Volver a la situación de partida, con pequeñas variaciones
en los escaños, supondría un acto de autoridad por parte de los votantes, que
exigirían se respete su soberana voluntad, reafirmada en las urnas, y una
vergüenza para los partidos políticos, que no saben o no quieren aceptar el
veredicto democrático y se niegan plegarse al mismo, atendiendo exclusivamente a
sus intereses partidistas. Ese es el riesgo que se corre al convocar nuevas
elecciones. Unos confían en que, entonces, el “sentido común” permita esa gran
coalición que el Partido Popular tanto ha invocado, y otros aguardan que los
ciudadanos premien su intransigencia o, al menos, castiguen la del contrario,
posibilitándoles las combinaciones para formar Gobierno que antes fueron
imposibles. Todos transmutan los votos en inútiles cuando no sirven para sus
estrategias partidistas y obligan tirar nuevas cartas para ver si la suerte les
acompaña, sin pensar en los intereses del país y en las necesidades de la
gente, aburrida y hastiada de que se juegue con ella.
En cualquier caso, si el Rey se ve en la necesidad de
convocar nuevas elecciones, como parece probable, considerar inútiles los votos
de diciembre pasado tendrá un precio, un alto precio que vendrá a profundizar
la desafección de los ciudadanos con la política y agrandar su desconfianza en
quienes no se toman en serio sus deseos, expresados en las urnas.

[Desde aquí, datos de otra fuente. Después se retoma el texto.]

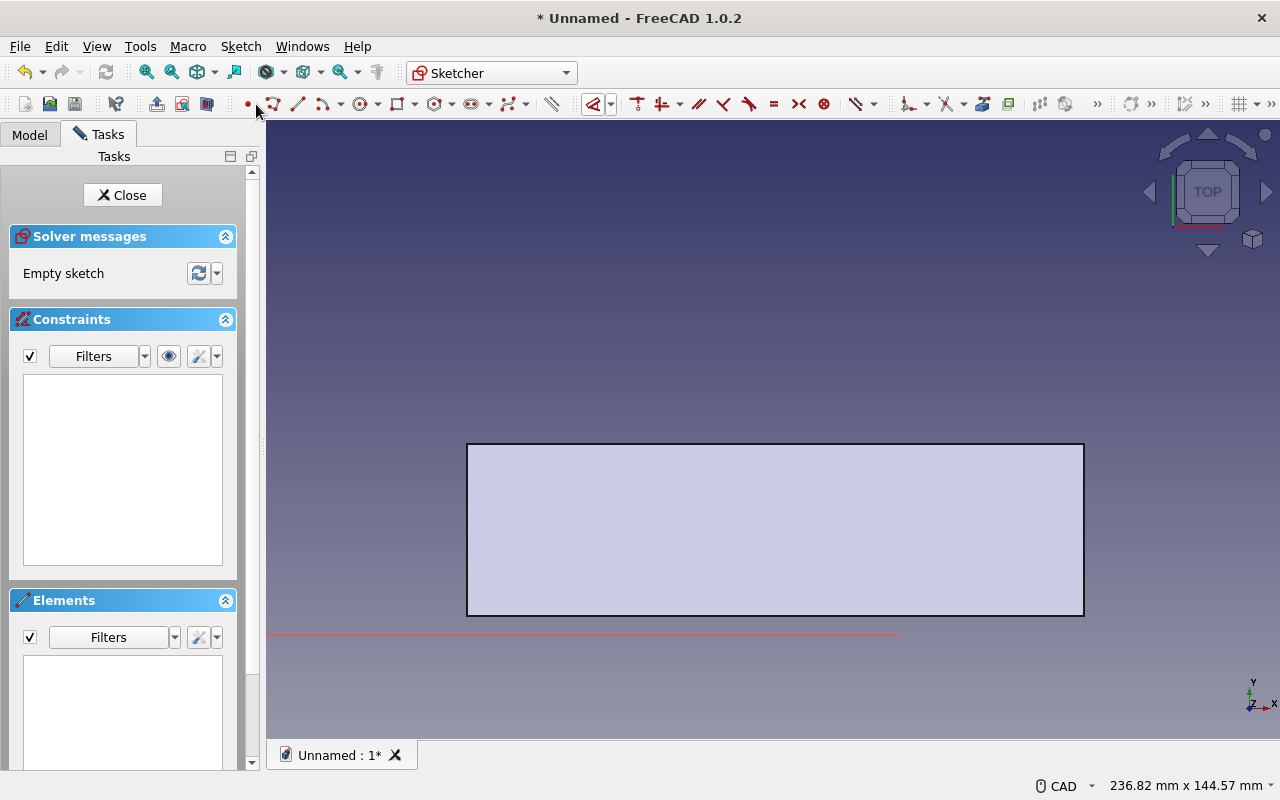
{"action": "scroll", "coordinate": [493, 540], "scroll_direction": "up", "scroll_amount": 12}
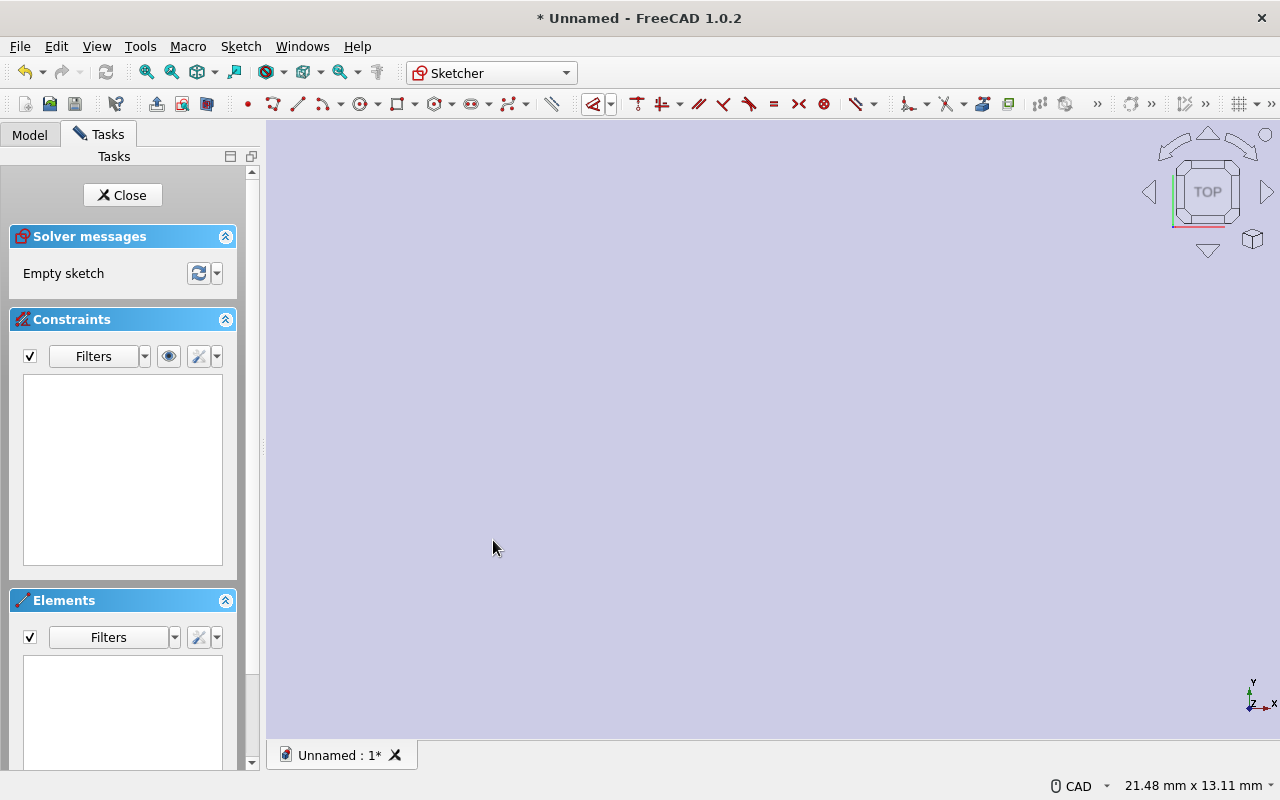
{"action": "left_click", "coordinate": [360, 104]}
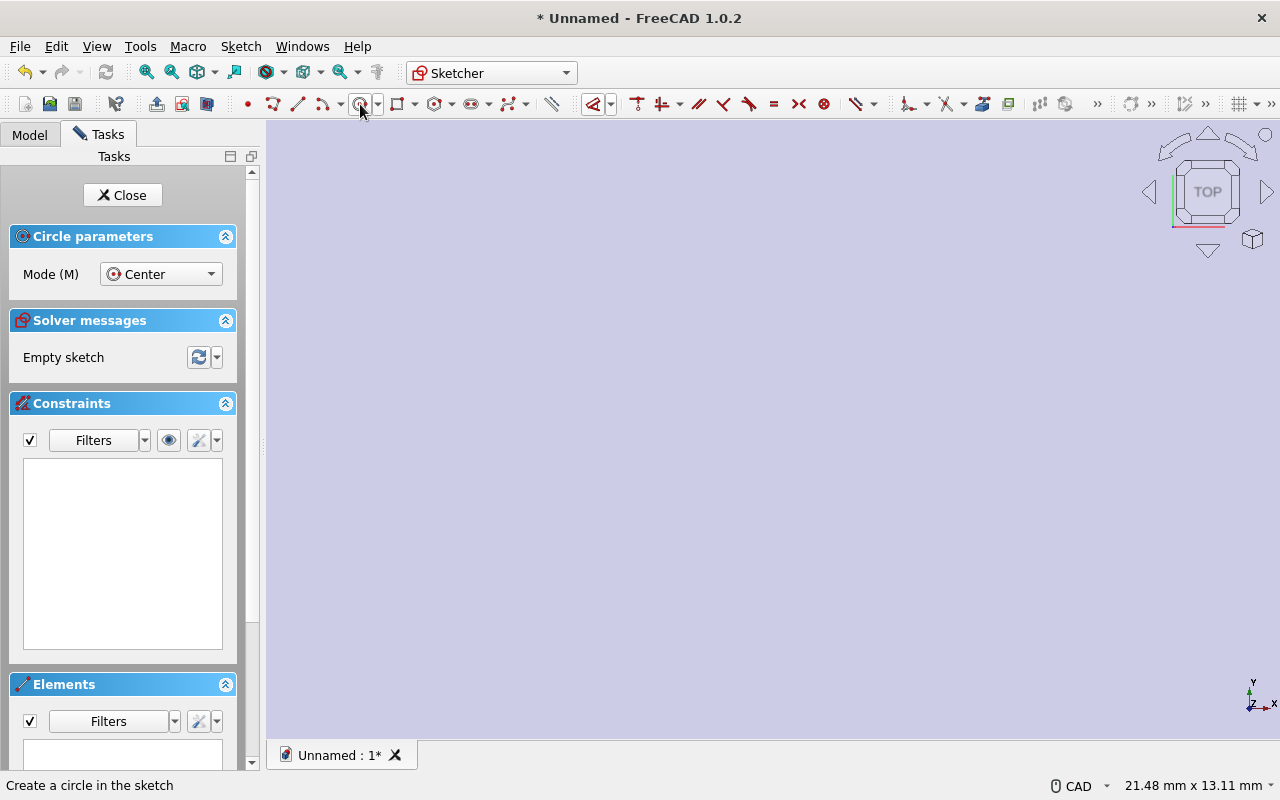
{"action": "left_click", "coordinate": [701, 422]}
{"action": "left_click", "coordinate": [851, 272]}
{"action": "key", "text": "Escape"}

Declarar
inútiles esos votos traerá la consecuencia de un mayor desprestigio de un
sistema político que no sirve para interpretar y asumir la voluntad democrática
de votantes, a quienes se les está exigiendo, en la práctica con nuevas
elecciones, una rectificación en toda regla: ustedes se equivocaron, vuelvan a
votar otra vez.
Tratar así a los ciudadanos de un país en que los escándalos
por corrupción salpican, especialmente, a la clase política, con una crisis
económica que empobrece injustamente a quienes no tuvieron la culpa de su
aparición, que rescata a los que la engendraron con dinero público,
los premia con una amnistía fiscal y, al final, figuran en los papeles de paraísos fiscales,
todo ello, decimos, no hace más que ahondar la brecha de la desconfianza, el rechazo, la
frustración y la apatía entre los que, con razón, piensan que no sirve de nada
participar y votar en democracia, puesto que, como ha quedado demostrado con
las elecciones de diciembre, sus deseos volcados en las urnas no son tenidos en
cuenta.
Los que están evacuando consultas con el Rey evalúan sus
posibilidades electorales y no tienen en cuenta los intereses generales de la
población ni las consecuencias de declarar inútil su voto. Ellos van a su bola,
esa que aplasta las urnas y sofoca nuestra voz, para regocijo de los populismos
que pescan en río revuelto y de los seres providenciales que todo lo
prometen, hasta lo que no pueden cumplir. A ver dónde acabamos.